Additionally, I have created a trigger that reduces the Quantity In Stock in the Product table each time the Quantity field is updated in the Order Details table.

Product Table (Before Trigger):

Product Table (After Trigger):

To test the trigger, I inserted a new record into the Order and Order Details table: (5) Freshness Green Beans (Item 1224)

The trigger updated the Quantity in Stock for Item 1224 from 23 to 18.

Sample Queries

Below are a few queries I’ve run to test the database design.

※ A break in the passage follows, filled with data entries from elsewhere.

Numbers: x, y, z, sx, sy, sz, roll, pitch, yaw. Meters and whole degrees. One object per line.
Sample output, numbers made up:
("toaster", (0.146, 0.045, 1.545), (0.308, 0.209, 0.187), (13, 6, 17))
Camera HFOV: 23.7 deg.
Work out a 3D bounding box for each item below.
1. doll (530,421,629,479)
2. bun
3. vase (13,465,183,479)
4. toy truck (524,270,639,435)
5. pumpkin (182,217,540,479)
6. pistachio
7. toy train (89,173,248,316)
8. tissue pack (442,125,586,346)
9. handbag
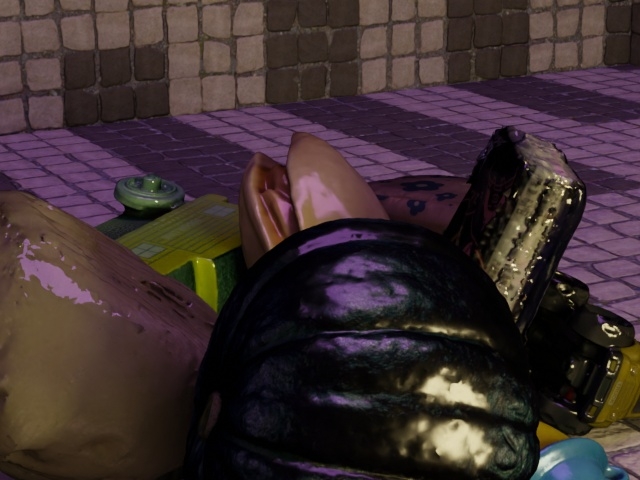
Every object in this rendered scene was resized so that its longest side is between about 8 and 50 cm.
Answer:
("doll", (0.125, 0.202, 1.509), (0.363, 0.145, 0.199), (9, 33, 20))
("bun", (-0.242, 0.105, 1.479), (0.326, 0.234, 0.362), (27, 10, -34))
("vase", (-0.234, 0.239, 1.545), (0.211, 0.060, 0.060), (-11, 19, -34))
("toy truck", (0.315, 0.138, 1.759), (0.165, 0.147, 0.224), (17, 12, -22))
("pumpkin", (0.030, 0.158, 1.274), (0.266, 0.363, 0.363), (11, 14, -11))
("pistachio", (0.000, 0.000, 1.982), (0.193, 0.318, 0.214), (-27, -31, 16))
("toy train", (-0.221, 0.039, 2.065), (0.272, 0.179, 0.442), (14, 20, 20))
("tissue pack", (0.189, 0.041, 1.753), (0.123, 0.332, 0.245), (24, 14, -6))
("handbag", (0.184, 0.017, 2.063), (0.251, 0.193, 0.190), (9, 13, 37))

1. Vendor and Vendor Address join:

2. Order and Order Details join:

3. Product and Product Details join:

4. Customer and Customer Address join:

Recall that the company has yet to include customer names or addresses, which is why the fields are blank.

Business Insights

Please note that the synthetic dataset used in this project only covers orders from a few weeks in February of 2022, as well as 1 additional order I’ve added when I tested the Quantity In Stock trigger I created.

1. How much revenue did Greenspot Grocer earn?

To find the total revenue earned by the company during the time frame covered in the dataset, I first ran a query in MySQL to join data from the Order Details and Product tables.

I then exported the MySQL results to a csv file. To visualize the results, I uploaded the data subset to a Tableau workbook, where I created a calculated field for Total Revenue. The Total Revenue earned by the company was $224.69.

2.Which product generated the most revenue ?

As revealed in the bubble chart shown below, Ruby’s Organic Kale generated the most revenue for Greenspot Grocer.

3.Which product was the most popular among Greenspot’s customers?

Freshness White Beans were the top-selling product by quantity.

Customer Address Table

Additionally, I’ve created the Customer Address table to store customer delivery addresses. This table will be useful in expediting the order process for repeat customers, shipping promotional mailers, and analyzing customer trends by geographical data.

Product Details Table

The Product Details table consists of more product details that will be used for inventory management, which includes the Item Number, Vendor ID, Purchase Date, Cost, and Location of each product.

Order Table

The Order table provides a high-level view of transactions, such as an Order ID, Customer ID, and Order Date column. The original spreadsheet includes missing Customer ID values for 3 orders. I decided to keep the records with missing Customer IDs for use in an overall revenue analysis.

However, the records containing a Customer ID offer more value in terms of analyzing individual customer shopping patterns.

This table can be used to reveal which customer(s) have placed the greatest number of orders within a specific time frame, as well as each customer’s most recent purchase date.

Order Details Table

The Order Details table contains the Item Number and Quantity per item for each Order ID. Orders can contain multiple products, represented by the Item Number field in this table.

However, this particular dataset only shows 1 item per order for each customer. I have decided to treat the rows with missing Customer IDs as individual orders to avoid making incorrect assumptions about which customers purchased those items since doing so could potentially inflate the customer’s order value.

Vendor Table

Vendor Address Table

The Vendor table, a reference of the company’s suppliers, includes the Vendor ID, Vendor Name, Phone Number, and Email fields. Management can quickly access a supplier’s contact information to place a purchase order or follow up on a pre-existing order.

The Vendor Address table consists of the Vendor ID, Street, City, State, and Zip Code columns.